WTI oil is a type of crude oil that is sold in international markets. WTI stands for West Texas Intermediate, one of the three main types that include Brent and Dubai crude. WTI is also known as “light” and “sweet” for its relatively low gravity and sulfur content, respectively. It is considered a high-quality oil that is easily refined. It is sourced in the United States and distributed through the Cushing facility, considered “the pipeline junction of the world.” It is a benchmark for the oil market and the price of WTI is frequently quoted in the media.

What factors determine the price of WTI oil?

Like all assets, supply and demand are the main factors that determine the price of WTI oil. As such, global growth can be a driver of increased demand and vice versa in the case of weak global growth. Political instability, wars and sanctions can alter supply and impact prices. The decisions of OPEC, a group of large oil-producing countries, is another key price factor. The value of the US Dollar influences the price of WTI crude oil, as oil is primarily traded in US dollars, so a weaker Dollar can make oil more affordable and vice versa.

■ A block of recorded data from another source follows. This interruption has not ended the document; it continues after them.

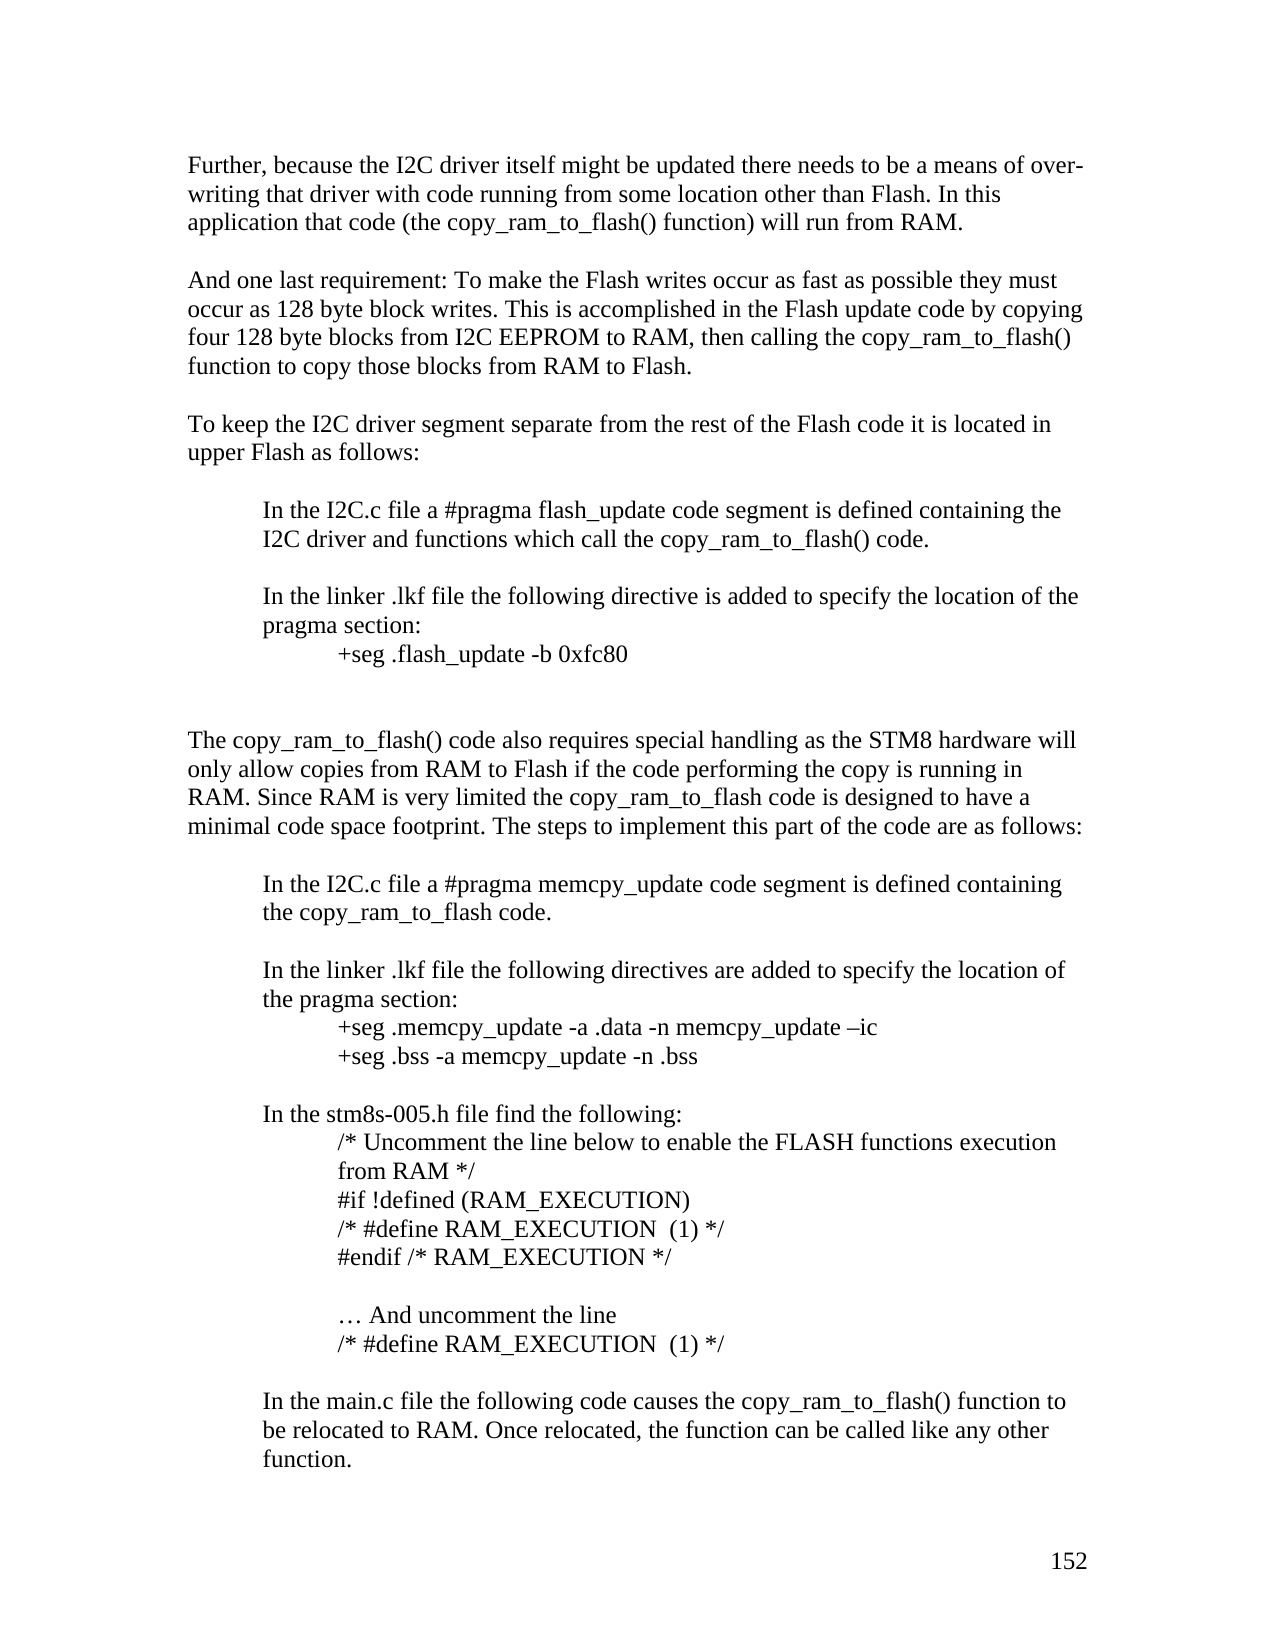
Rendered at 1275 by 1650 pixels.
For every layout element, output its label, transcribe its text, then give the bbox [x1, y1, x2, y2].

text +seg .bss -a memcpy_update -n .bss [337, 1041, 1087, 1070]
text /* #define RAM_EXECUTION (1) */ [337, 1214, 1087, 1242]
text In the linker .lkf file the following directive is added to specify the location of the pragma section: [262, 581, 1087, 639]
text /* #define RAM_EXECUTION (1) */ [337, 1329, 1087, 1357]
text … And uncomment the line [337, 1300, 1087, 1329]
text In the linker .lkf file the following directives are added to specify the location of the pragma section: [262, 955, 1087, 1012]
text +seg .memcpy_update -a .data -n memcpy_update –ic [337, 1012, 1087, 1041]
text /* Uncomment the line below to enable the FLASH functions execution from RAM */ [337, 1127, 1087, 1185]
text Further, because the I2C driver itself might be updated there needs to be a means of over-writing that driver with code running from some location other than Flash. In this application that code (the copy_ram_to_flash() function) will run from RAM. [187, 150, 1087, 236]
text In the stm8s-005.h file find the following: [262, 1099, 1087, 1127]
text In the I2C.c file a #pragma flash_update code segment is defined containing the I2C driver and functions which call the copy_ram_to_flash() code. [262, 495, 1087, 552]
text In the main.c file the following code causes the copy_ram_to_flash() function to be relocated to RAM. Once relocated, the function can be called like any other function. [262, 1386, 1087, 1472]
text #if !defined (RAM_EXECUTION) [337, 1185, 1087, 1214]
text The copy_ram_to_flash() code also requires special handling as the STM8 hardware will only allow copies from RAM to Flash if the code performing the copy is running in RAM. Since RAM is very limited the copy_ram_to_flash code is designed to have a minimal code space footprint. The steps to implement this part of the code are as follows: [187, 725, 1087, 840]
text #endif /* RAM_EXECUTION */ [337, 1242, 1087, 1271]
text In the I2C.c file a #pragma memcpy_update code segment is defined containing the copy_ram_to_flash code. [262, 869, 1087, 926]
text And one last requirement: To make the Flash writes occur as fast as possible they must occur as 128 byte block writes. This is accomplished in the Flash update code by copying four 128 byte blocks from I2C EEPROM to RAM, then calling the copy_ram_to_flash() function to copy those blocks from RAM to Flash. [187, 265, 1087, 380]
text To keep the I2C driver segment separate from the rest of the Flash code it is located in upper Flash as follows: [187, 409, 1087, 466]
text +seg .flash_update -b 0xfc80 [262, 639, 1087, 667]

How do inventories influence the price of WTI oil?

Weekly oil inventory reports published by the American Petroleum Institute (API) and the Energy Information Agency (EIA) influence the price of WTI oil. Changes in inventories reflect the fluctuation of supply and demand. If the data shows a decline in inventories, it may indicate an increase in demand, which would drive up the price of oil. An increase in inventories can reflect an increase in supply, which drives down prices. The API report is published every Tuesday and the EIA report the next day. Their results are usually similar, with a difference of 1% between them 75% of the time. EIA data is considered more reliable since it is a government agency.

How does OPEC influence the price of WTI oil?

OPEC (Organization of the Petroleum Exporting Countries) is a group of 13 oil-producing nations that collectively decide member countries' production quotas at biannual meetings. Their decisions often influence WTI oil prices. When OPEC decides to reduce quotas, it can restrict supply and drive up oil prices. When OPEC increases production, the opposite effect occurs. OPEC+ is an expanded group that includes ten other non-OPEC member countries, including Russia.